- [ABOUT THIS EXERCISE]
Give back an exact repetition of the material below, from its first line through the line that contains "Offer a very short reply. 3.", both included, minus the pictures.

- [RECORDED INFORMATION]
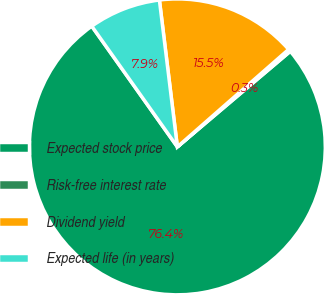<chart> <loc_0><loc_0><loc_500><loc_500><pie_chart><fcel>Expected stock price<fcel>Risk-free interest rate<fcel>Dividend yield<fcel>Expected life (in years)<nl><fcel>76.37%<fcel>0.27%<fcel>15.49%<fcel>7.88%<nl></chart> 
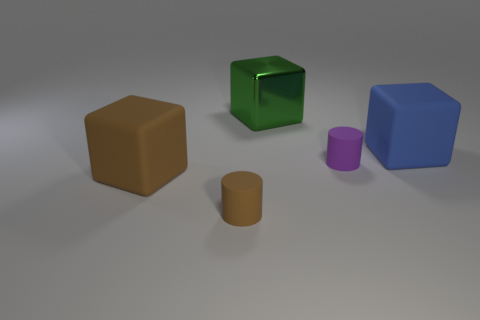What could be the potential use of these objects in a real-world setting? These objects resemble children's toy blocks, so in a real-world setting, they could be used for educational purposes such as teaching about shapes, colors, and sizes, or simply for play, helping to develop motor skills and spatial awareness in young children. 
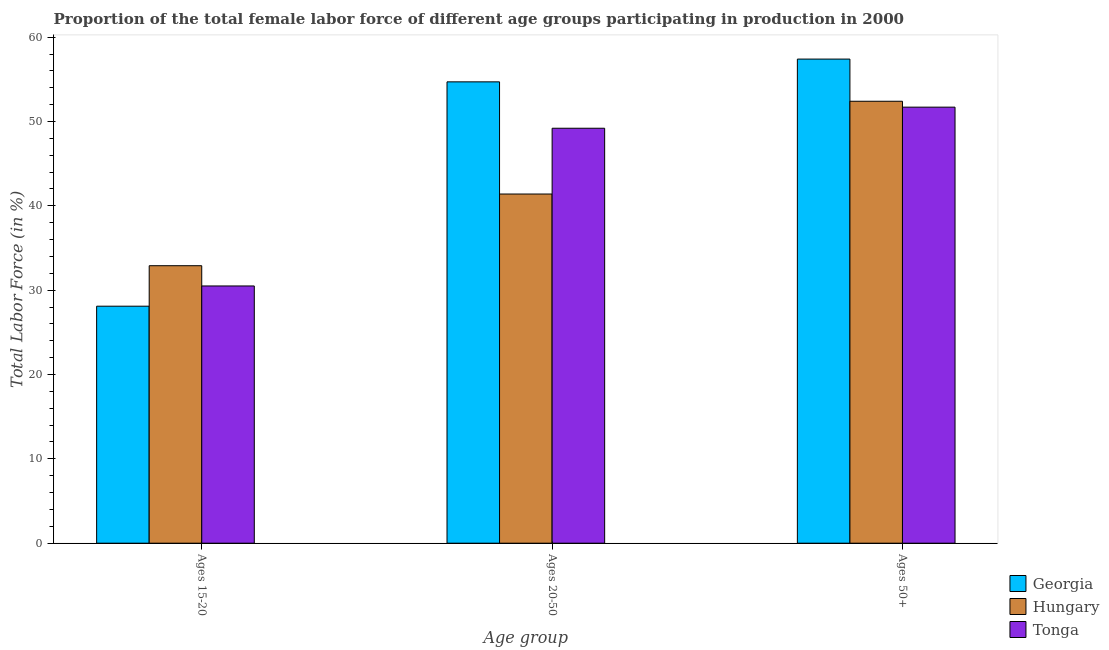How many bars are there on the 3rd tick from the left?
Offer a very short reply. 3. How many bars are there on the 2nd tick from the right?
Your answer should be very brief. 3. What is the label of the 1st group of bars from the left?
Offer a very short reply. Ages 15-20. What is the percentage of female labor force within the age group 20-50 in Georgia?
Ensure brevity in your answer.  54.7. Across all countries, what is the maximum percentage of female labor force within the age group 15-20?
Your answer should be very brief. 32.9. Across all countries, what is the minimum percentage of female labor force within the age group 20-50?
Your response must be concise. 41.4. In which country was the percentage of female labor force within the age group 20-50 maximum?
Ensure brevity in your answer.  Georgia. In which country was the percentage of female labor force within the age group 15-20 minimum?
Your answer should be compact. Georgia. What is the total percentage of female labor force within the age group 20-50 in the graph?
Ensure brevity in your answer.  145.3. What is the difference between the percentage of female labor force within the age group 15-20 in Georgia and that in Hungary?
Your answer should be compact. -4.8. What is the difference between the percentage of female labor force within the age group 15-20 in Hungary and the percentage of female labor force above age 50 in Georgia?
Your answer should be very brief. -24.5. What is the average percentage of female labor force above age 50 per country?
Your answer should be very brief. 53.83. What is the difference between the percentage of female labor force within the age group 20-50 and percentage of female labor force within the age group 15-20 in Georgia?
Your response must be concise. 26.6. What is the ratio of the percentage of female labor force within the age group 15-20 in Hungary to that in Tonga?
Ensure brevity in your answer.  1.08. Is the percentage of female labor force above age 50 in Hungary less than that in Tonga?
Your answer should be compact. No. Is the difference between the percentage of female labor force within the age group 20-50 in Georgia and Tonga greater than the difference between the percentage of female labor force within the age group 15-20 in Georgia and Tonga?
Your response must be concise. Yes. What is the difference between the highest and the lowest percentage of female labor force within the age group 20-50?
Provide a short and direct response. 13.3. In how many countries, is the percentage of female labor force within the age group 20-50 greater than the average percentage of female labor force within the age group 20-50 taken over all countries?
Keep it short and to the point. 2. What does the 1st bar from the left in Ages 50+ represents?
Offer a terse response. Georgia. What does the 2nd bar from the right in Ages 15-20 represents?
Your answer should be very brief. Hungary. Are all the bars in the graph horizontal?
Your answer should be very brief. No. How many countries are there in the graph?
Ensure brevity in your answer.  3. Does the graph contain grids?
Ensure brevity in your answer.  No. How many legend labels are there?
Provide a succinct answer. 3. How are the legend labels stacked?
Your answer should be compact. Vertical. What is the title of the graph?
Give a very brief answer. Proportion of the total female labor force of different age groups participating in production in 2000. What is the label or title of the X-axis?
Your response must be concise. Age group. What is the Total Labor Force (in %) in Georgia in Ages 15-20?
Provide a short and direct response. 28.1. What is the Total Labor Force (in %) in Hungary in Ages 15-20?
Your answer should be very brief. 32.9. What is the Total Labor Force (in %) of Tonga in Ages 15-20?
Keep it short and to the point. 30.5. What is the Total Labor Force (in %) of Georgia in Ages 20-50?
Your answer should be very brief. 54.7. What is the Total Labor Force (in %) in Hungary in Ages 20-50?
Your answer should be compact. 41.4. What is the Total Labor Force (in %) in Tonga in Ages 20-50?
Provide a short and direct response. 49.2. What is the Total Labor Force (in %) of Georgia in Ages 50+?
Give a very brief answer. 57.4. What is the Total Labor Force (in %) of Hungary in Ages 50+?
Provide a succinct answer. 52.4. What is the Total Labor Force (in %) in Tonga in Ages 50+?
Offer a terse response. 51.7. Across all Age group, what is the maximum Total Labor Force (in %) in Georgia?
Offer a very short reply. 57.4. Across all Age group, what is the maximum Total Labor Force (in %) in Hungary?
Your answer should be compact. 52.4. Across all Age group, what is the maximum Total Labor Force (in %) in Tonga?
Provide a short and direct response. 51.7. Across all Age group, what is the minimum Total Labor Force (in %) of Georgia?
Provide a short and direct response. 28.1. Across all Age group, what is the minimum Total Labor Force (in %) in Hungary?
Your answer should be very brief. 32.9. Across all Age group, what is the minimum Total Labor Force (in %) of Tonga?
Provide a succinct answer. 30.5. What is the total Total Labor Force (in %) in Georgia in the graph?
Your answer should be very brief. 140.2. What is the total Total Labor Force (in %) in Hungary in the graph?
Provide a short and direct response. 126.7. What is the total Total Labor Force (in %) in Tonga in the graph?
Provide a succinct answer. 131.4. What is the difference between the Total Labor Force (in %) of Georgia in Ages 15-20 and that in Ages 20-50?
Give a very brief answer. -26.6. What is the difference between the Total Labor Force (in %) of Hungary in Ages 15-20 and that in Ages 20-50?
Make the answer very short. -8.5. What is the difference between the Total Labor Force (in %) in Tonga in Ages 15-20 and that in Ages 20-50?
Provide a succinct answer. -18.7. What is the difference between the Total Labor Force (in %) of Georgia in Ages 15-20 and that in Ages 50+?
Make the answer very short. -29.3. What is the difference between the Total Labor Force (in %) in Hungary in Ages 15-20 and that in Ages 50+?
Keep it short and to the point. -19.5. What is the difference between the Total Labor Force (in %) in Tonga in Ages 15-20 and that in Ages 50+?
Make the answer very short. -21.2. What is the difference between the Total Labor Force (in %) in Georgia in Ages 20-50 and that in Ages 50+?
Provide a short and direct response. -2.7. What is the difference between the Total Labor Force (in %) in Hungary in Ages 20-50 and that in Ages 50+?
Ensure brevity in your answer.  -11. What is the difference between the Total Labor Force (in %) of Tonga in Ages 20-50 and that in Ages 50+?
Keep it short and to the point. -2.5. What is the difference between the Total Labor Force (in %) of Georgia in Ages 15-20 and the Total Labor Force (in %) of Hungary in Ages 20-50?
Provide a short and direct response. -13.3. What is the difference between the Total Labor Force (in %) of Georgia in Ages 15-20 and the Total Labor Force (in %) of Tonga in Ages 20-50?
Offer a very short reply. -21.1. What is the difference between the Total Labor Force (in %) of Hungary in Ages 15-20 and the Total Labor Force (in %) of Tonga in Ages 20-50?
Give a very brief answer. -16.3. What is the difference between the Total Labor Force (in %) in Georgia in Ages 15-20 and the Total Labor Force (in %) in Hungary in Ages 50+?
Provide a short and direct response. -24.3. What is the difference between the Total Labor Force (in %) of Georgia in Ages 15-20 and the Total Labor Force (in %) of Tonga in Ages 50+?
Provide a succinct answer. -23.6. What is the difference between the Total Labor Force (in %) of Hungary in Ages 15-20 and the Total Labor Force (in %) of Tonga in Ages 50+?
Offer a very short reply. -18.8. What is the difference between the Total Labor Force (in %) in Hungary in Ages 20-50 and the Total Labor Force (in %) in Tonga in Ages 50+?
Offer a terse response. -10.3. What is the average Total Labor Force (in %) of Georgia per Age group?
Your response must be concise. 46.73. What is the average Total Labor Force (in %) of Hungary per Age group?
Your response must be concise. 42.23. What is the average Total Labor Force (in %) of Tonga per Age group?
Offer a terse response. 43.8. What is the difference between the Total Labor Force (in %) in Georgia and Total Labor Force (in %) in Tonga in Ages 15-20?
Give a very brief answer. -2.4. What is the difference between the Total Labor Force (in %) in Hungary and Total Labor Force (in %) in Tonga in Ages 15-20?
Your answer should be very brief. 2.4. What is the difference between the Total Labor Force (in %) in Georgia and Total Labor Force (in %) in Hungary in Ages 20-50?
Your answer should be very brief. 13.3. What is the difference between the Total Labor Force (in %) of Georgia and Total Labor Force (in %) of Tonga in Ages 50+?
Your response must be concise. 5.7. What is the ratio of the Total Labor Force (in %) in Georgia in Ages 15-20 to that in Ages 20-50?
Ensure brevity in your answer.  0.51. What is the ratio of the Total Labor Force (in %) of Hungary in Ages 15-20 to that in Ages 20-50?
Your response must be concise. 0.79. What is the ratio of the Total Labor Force (in %) of Tonga in Ages 15-20 to that in Ages 20-50?
Offer a very short reply. 0.62. What is the ratio of the Total Labor Force (in %) of Georgia in Ages 15-20 to that in Ages 50+?
Your answer should be compact. 0.49. What is the ratio of the Total Labor Force (in %) in Hungary in Ages 15-20 to that in Ages 50+?
Provide a short and direct response. 0.63. What is the ratio of the Total Labor Force (in %) in Tonga in Ages 15-20 to that in Ages 50+?
Offer a terse response. 0.59. What is the ratio of the Total Labor Force (in %) of Georgia in Ages 20-50 to that in Ages 50+?
Your answer should be compact. 0.95. What is the ratio of the Total Labor Force (in %) in Hungary in Ages 20-50 to that in Ages 50+?
Offer a terse response. 0.79. What is the ratio of the Total Labor Force (in %) of Tonga in Ages 20-50 to that in Ages 50+?
Provide a succinct answer. 0.95. What is the difference between the highest and the second highest Total Labor Force (in %) in Tonga?
Provide a succinct answer. 2.5. What is the difference between the highest and the lowest Total Labor Force (in %) of Georgia?
Your answer should be compact. 29.3. What is the difference between the highest and the lowest Total Labor Force (in %) in Tonga?
Make the answer very short. 21.2. 
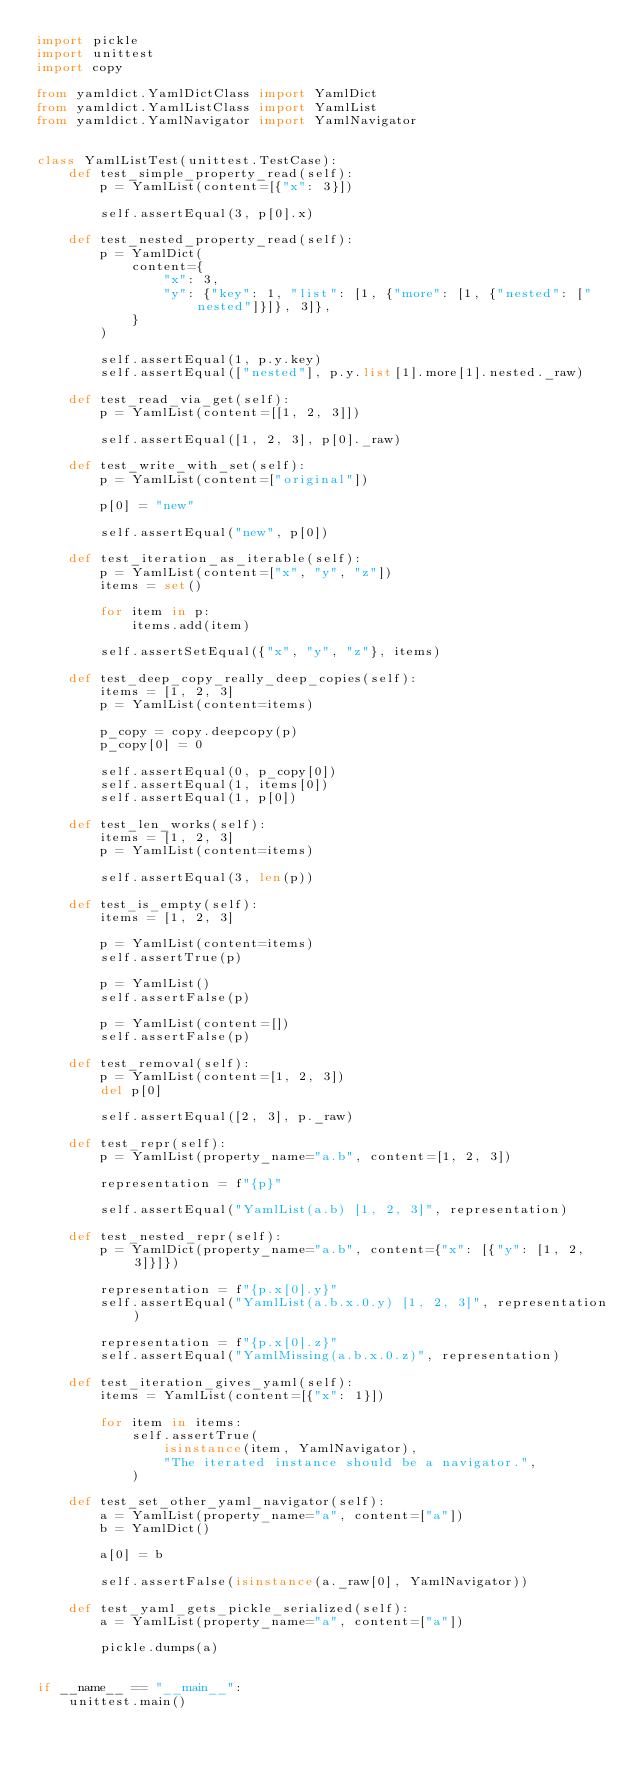Convert code to text. <code><loc_0><loc_0><loc_500><loc_500><_Python_>import pickle
import unittest
import copy

from yamldict.YamlDictClass import YamlDict
from yamldict.YamlListClass import YamlList
from yamldict.YamlNavigator import YamlNavigator


class YamlListTest(unittest.TestCase):
    def test_simple_property_read(self):
        p = YamlList(content=[{"x": 3}])

        self.assertEqual(3, p[0].x)

    def test_nested_property_read(self):
        p = YamlDict(
            content={
                "x": 3,
                "y": {"key": 1, "list": [1, {"more": [1, {"nested": ["nested"]}]}, 3]},
            }
        )

        self.assertEqual(1, p.y.key)
        self.assertEqual(["nested"], p.y.list[1].more[1].nested._raw)

    def test_read_via_get(self):
        p = YamlList(content=[[1, 2, 3]])

        self.assertEqual([1, 2, 3], p[0]._raw)

    def test_write_with_set(self):
        p = YamlList(content=["original"])

        p[0] = "new"

        self.assertEqual("new", p[0])

    def test_iteration_as_iterable(self):
        p = YamlList(content=["x", "y", "z"])
        items = set()

        for item in p:
            items.add(item)

        self.assertSetEqual({"x", "y", "z"}, items)

    def test_deep_copy_really_deep_copies(self):
        items = [1, 2, 3]
        p = YamlList(content=items)

        p_copy = copy.deepcopy(p)
        p_copy[0] = 0

        self.assertEqual(0, p_copy[0])
        self.assertEqual(1, items[0])
        self.assertEqual(1, p[0])

    def test_len_works(self):
        items = [1, 2, 3]
        p = YamlList(content=items)

        self.assertEqual(3, len(p))

    def test_is_empty(self):
        items = [1, 2, 3]

        p = YamlList(content=items)
        self.assertTrue(p)

        p = YamlList()
        self.assertFalse(p)

        p = YamlList(content=[])
        self.assertFalse(p)

    def test_removal(self):
        p = YamlList(content=[1, 2, 3])
        del p[0]

        self.assertEqual([2, 3], p._raw)

    def test_repr(self):
        p = YamlList(property_name="a.b", content=[1, 2, 3])

        representation = f"{p}"

        self.assertEqual("YamlList(a.b) [1, 2, 3]", representation)

    def test_nested_repr(self):
        p = YamlDict(property_name="a.b", content={"x": [{"y": [1, 2, 3]}]})

        representation = f"{p.x[0].y}"
        self.assertEqual("YamlList(a.b.x.0.y) [1, 2, 3]", representation)

        representation = f"{p.x[0].z}"
        self.assertEqual("YamlMissing(a.b.x.0.z)", representation)

    def test_iteration_gives_yaml(self):
        items = YamlList(content=[{"x": 1}])

        for item in items:
            self.assertTrue(
                isinstance(item, YamlNavigator),
                "The iterated instance should be a navigator.",
            )

    def test_set_other_yaml_navigator(self):
        a = YamlList(property_name="a", content=["a"])
        b = YamlDict()

        a[0] = b

        self.assertFalse(isinstance(a._raw[0], YamlNavigator))

    def test_yaml_gets_pickle_serialized(self):
        a = YamlList(property_name="a", content=["a"])

        pickle.dumps(a)


if __name__ == "__main__":
    unittest.main()
</code>

- [TASK OUTPUT]
<chart> <loc_0><loc_0><loc_500><loc_500><pie_chart><fcel>Expected stock price<fcel>Risk-free interest rate<fcel>Dividend yield<fcel>Expected life (in years)<nl><fcel>76.37%<fcel>0.27%<fcel>15.49%<fcel>7.88%<nl></chart> 
What could be the potential use of these objects in a real-world setting? These objects resemble children's toy blocks, so in a real-world setting, they could be used for educational purposes such as teaching about shapes, colors, and sizes, or simply for play, helping to develop motor skills and spatial awareness in young children. 
How many bars are there on the 3rd tick from the left?
Offer a very short reply. 3. How many bars are there on the 2nd tick from the right?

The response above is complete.